I slam my sifter in the sand. “You’re going to blame nature for this?”

“The Alaran Protocol is the reason your society survived. The commitment to keep exposure to the curtain’s radioactive particles ‘as low as reasonably achievable’ is the reason your city-state endured while so many others collapsed. To ensure the survival of many, some must be sacrificed.”

“Not so great for the people outside the protected city.”

“It is justifiable—”

“You see that kid?” I stab my finger in Roran’s direction. “The Congress considers what they did to him justifiable.

“Compliance is essential for the preservation of civilized society.”

The only reason I don’t try to knock her onto her backside is that I’m pretty sure I’d fail. “You do belong in Alara,” I mutter. I stand, cordon sand streaming from my suit. “Find another partner.” I walk away, stepping past the other Miners on their hands and knees.

Reuder throws me a disgruntled look. “Return to your position, Miner.”

“No.”

Dram lowers his rifle and looks at me.

“Stay with your partner,” Reuder orders. “Work your grid.”

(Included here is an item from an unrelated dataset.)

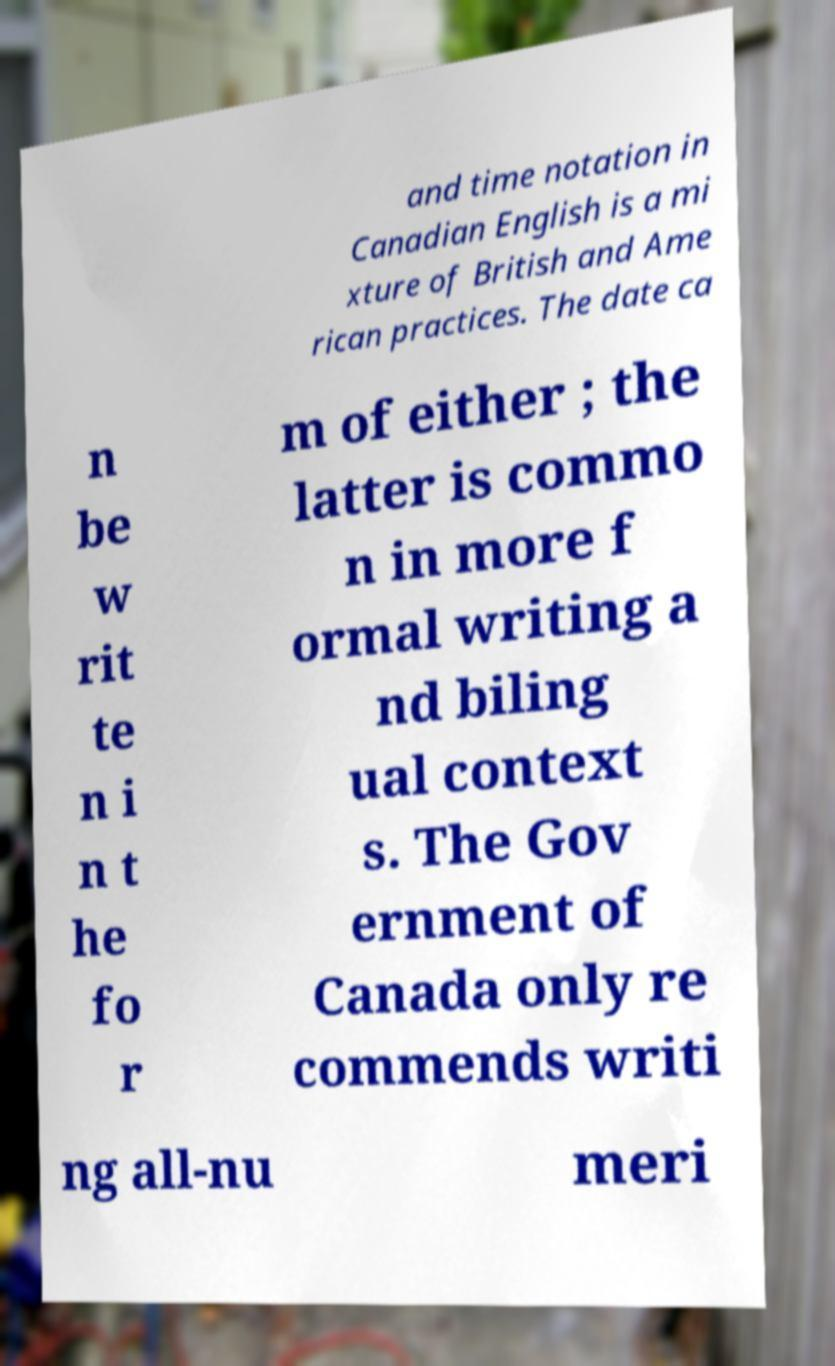Please identify and transcribe the text found in this image. and time notation in Canadian English is a mi xture of British and Ame rican practices. The date ca n be w rit te n i n t he fo r m of either ; the latter is commo n in more f ormal writing a nd biling ual context s. The Gov ernment of Canada only re commends writi ng all-nu meri

Dram gives me the look that tells me some things are more important than my pride, but it’s Roran’s expression that makes me turn back. A gust of wind brushes my talisman against my cheek.

I’m not a Conjuror.

You made a promise like one.

I drop to my knees and scowl at the horrible half human I’ve been assigned to. “Just so we’re clear,” I mutter under my breath, “if I see a cordon rat coming, I’m going to get out of its way and let it have you.”

GM16 shakes her sifter with methodical care. “I appreciate the warning, Subpar. But just so we’re clear—I have genetically modified blood that repels them.”